In 1976, Sally Ann Furnace Complex, located in the township, was added to the National Register of Historic Places.

==Geography==
According to the U.S. Census Bureau, the township has a total area of 17.1 square miles (44.2 km^{2}), all land. It is drained by the Sacony Creek and the Manatawny Creek into the Schuylkill River and most of the township is located in the South Mountains. Its villages include Boyers Junction, Dryville, Mertztown, New Jerusalem, and Sally Ann.

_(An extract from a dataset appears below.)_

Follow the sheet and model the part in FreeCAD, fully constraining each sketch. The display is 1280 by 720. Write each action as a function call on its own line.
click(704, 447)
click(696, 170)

===Adjacent municipalities===
- Longswamp Township (northeast)
- District Township (east)
- Pike Township (southeast)
- Oley Township (southwest)
- Ruscombmanor Township (west)
- Richmond Township (northwest)
- Maxatawny Township (northwest)

===Climate===
Rockland has a humid continental climate (Dfa/Dfb) and the hardiness zone is mainly 6b, with some 6a in higher elevations. Average monthly temperatures in New Jerusalem range from 27.6 °F in January to 71.4 °F in July. The annual absolute minimum temperature in New Jerusalem averages -4.5 °F.

==Transportation==

As of 2019, there were 57.86 mi of public roads in Rockland Township, of which 19.89 mi were maintained by the Pennsylvania Department of Transportation (PennDOT) and 37.97 mi were maintained by the township.

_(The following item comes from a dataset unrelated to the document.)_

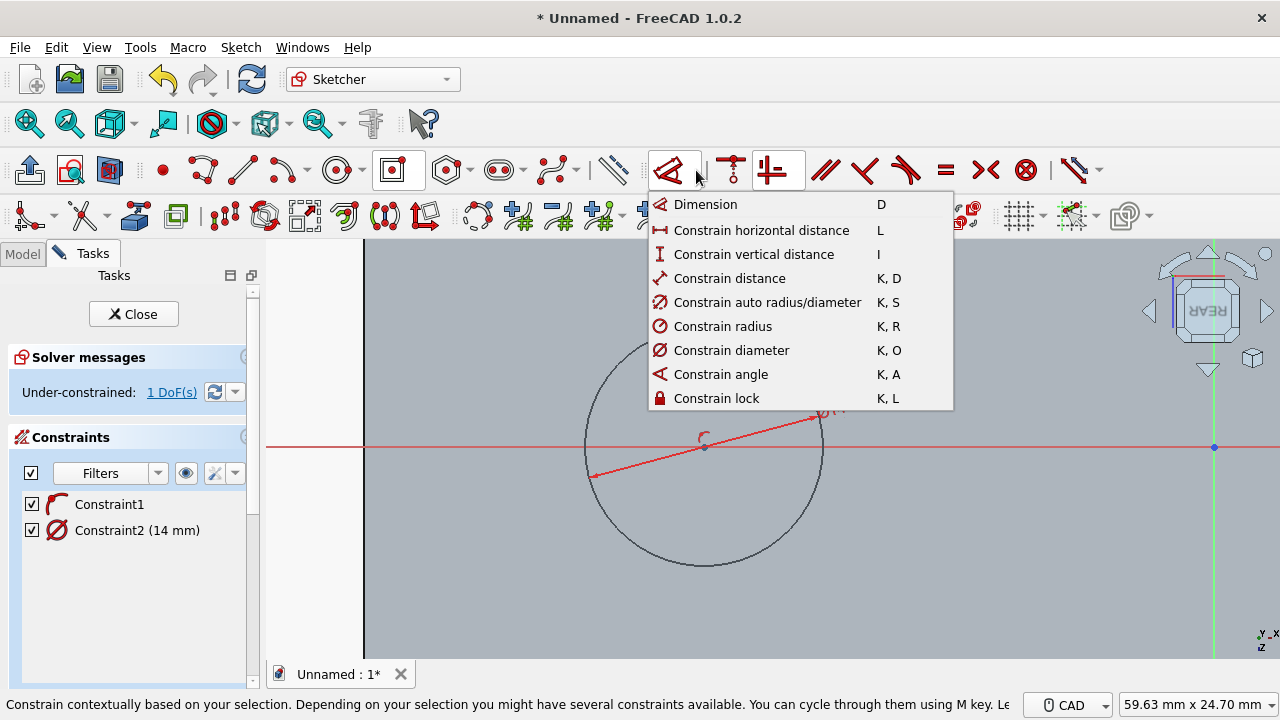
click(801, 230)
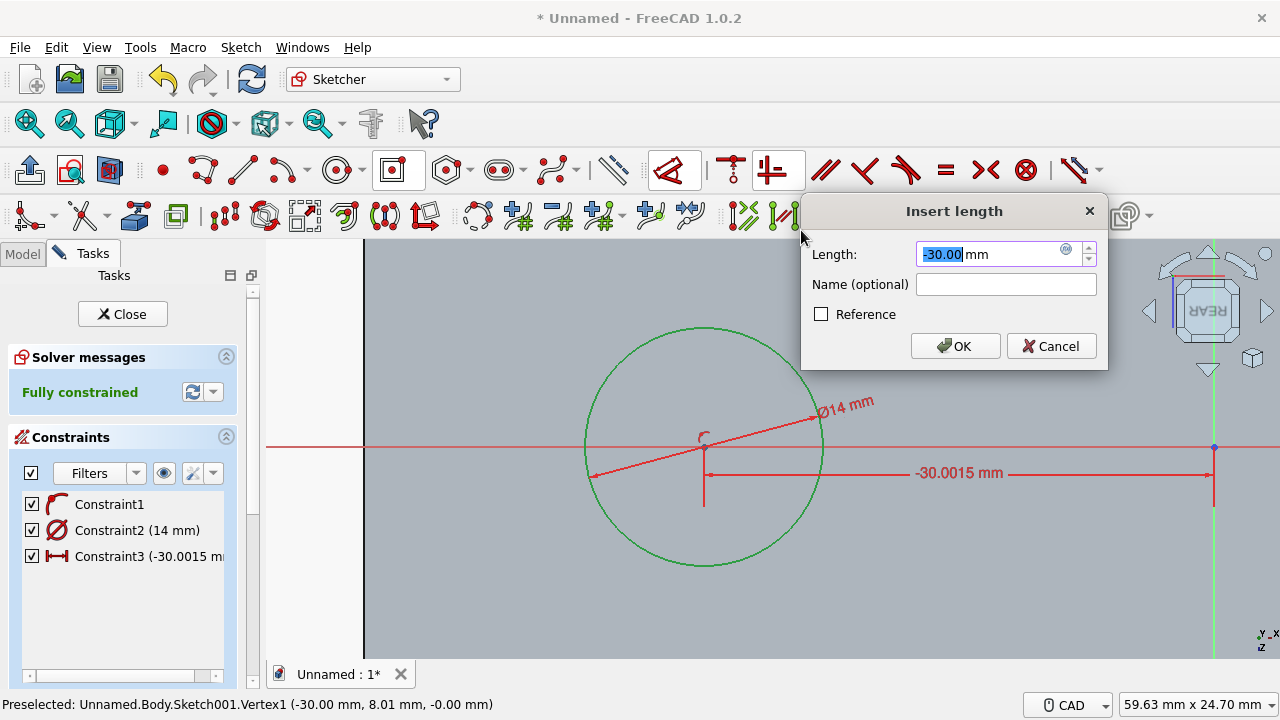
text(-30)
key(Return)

No numbered highways traverse Rockland Township. The main roads in the township include Fleetwood Road/Fredricksville Road, Forgedale Road/Memorial Highway, Lobachsville Road/Lyons Road, Main Street, Pricetown Road, Ruppert School Lane, and Smoketown Road.

==Demographics==
As of the census of 2000, there were 3,765 people, 1,330 households, and 1,095 families residing in the township. The population density was 220.7 PD/sqmi. There were 1,368 housing units at an average density of 80.2 /sqmi. The racial makeup of the township was 98.25% White, 0.24% African American, 0.05% Native American, 0.32% Asian, 0.35% from other races, and 0.80% from two or more races. Hispanic or Latino of any race were 1.12% of the population.

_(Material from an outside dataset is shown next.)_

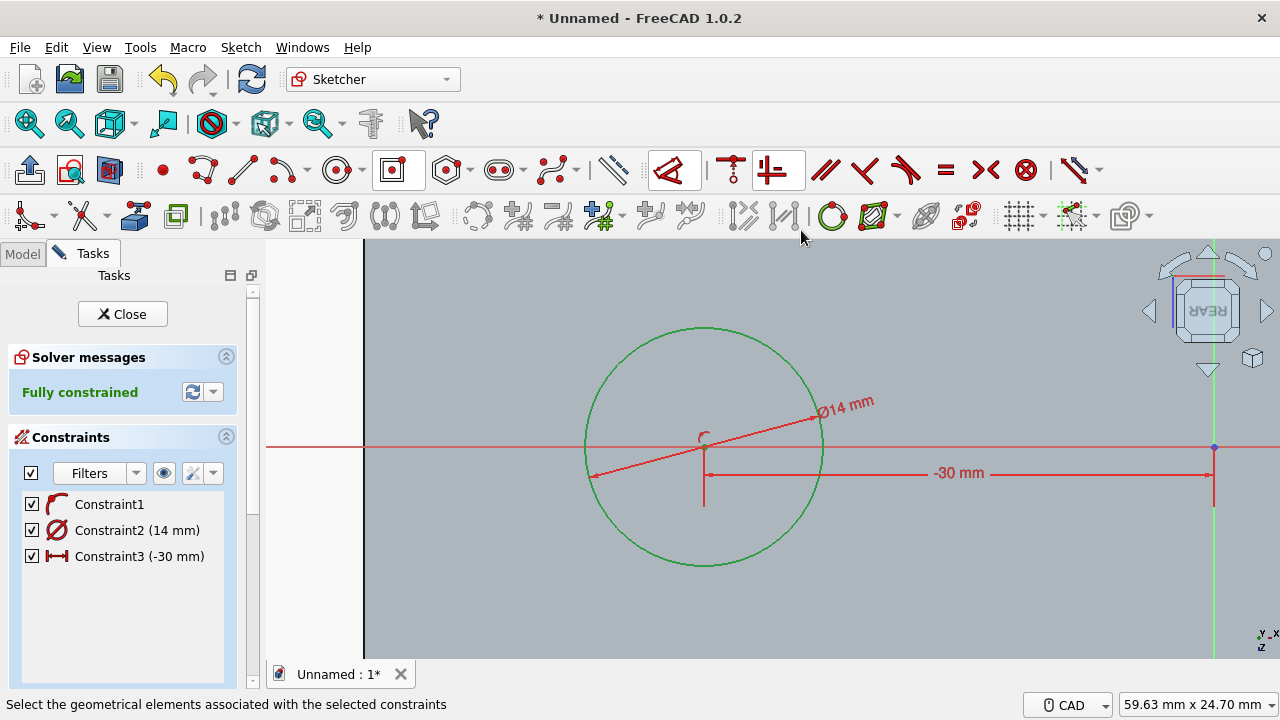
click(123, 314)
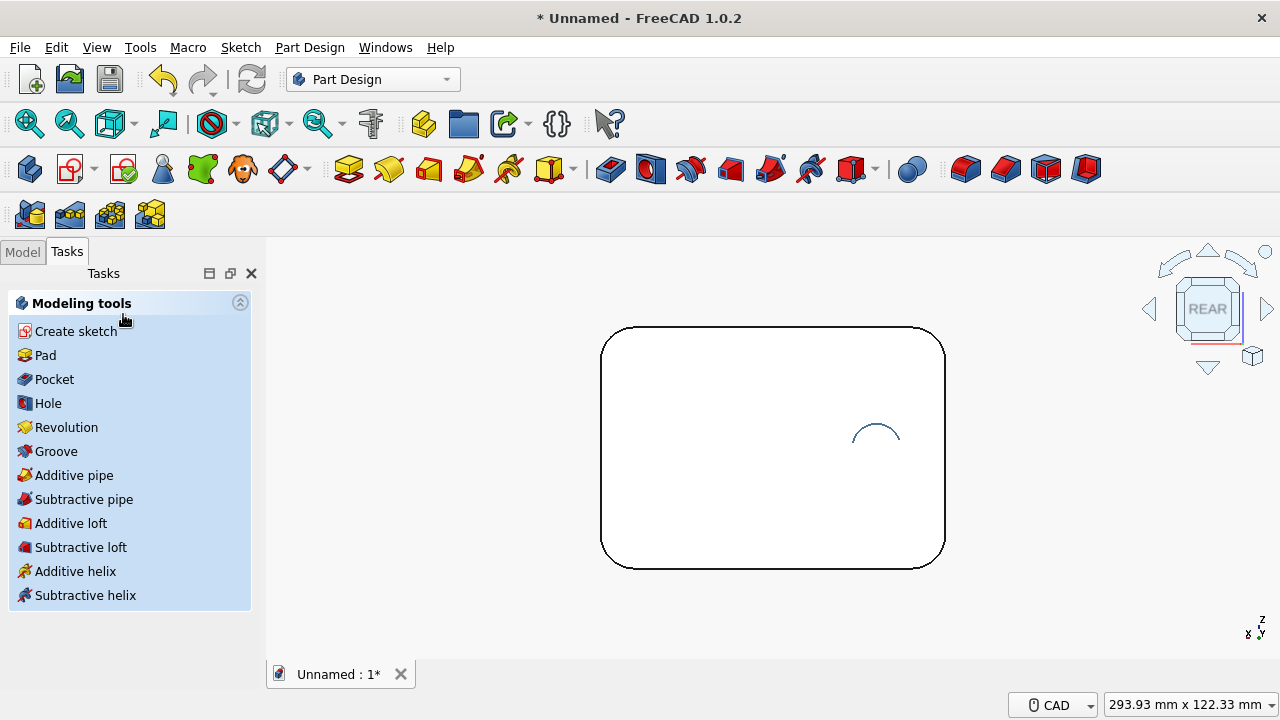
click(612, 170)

There were 1,330 households, out of which 39.4% had children under the age of 18 living with them, 74.4% were married couples living together, 3.9% had a female householder with no husband present, and 17.6% were non-families. 12.1% of all households were made up of individuals, and 4.1% had someone living alone who was 65 years of age or older. The average household size was 2.83 and the average family size was 3.10.

In the township the population was spread out, with 27.3% under the age of 18, 5.4% from 18 to 24, 32.1% from 25 to 44, 26.1% from 45 to 64, and 9.1% who were 65 years of age or older. The median age was 38 years. For every 100 females, there were 103.0 males. For every 100 females age 18 and over, there were 102.3 males.

The median income for a household in the township was $59,280, and the median income for a family was $62,778. Males had a median income of $42,003 versus $28,429 for females. The per capita income for the township was $26,530. About 2.0% of families and 2.9% of the population were below the poverty line, including 1.1% of those under age 18 and 7.3% of those age 65 or over.

Historical population
| Census | Pop. | Note | %± |
| 1980 | 1,911 |  | — |
| 1990 | 2,675 |  | 40.0% |
| 2000 | 3,765 |  | 40.7% |
| 2010 | 3,778 |  | 0.3% |
| 2016 (est.) | 3,793 |  | 0.4% |
Source: US Census Bureau

==Government==

===Supervisors===
- Russell Coffin, Chairman
- Terry Fegley
- Harold Meadway

===Legislators===
- State Representative David Maloney Sr., 130th district, Republican
- State Senator Judy Schwank, 11th district, Democrat
- U.S. Representative Dan Meuser, 9th district, Republican

==Recreation==
The western parcel of the Pennsylvania State Game Lands Number 315 is located near the western corner of the township.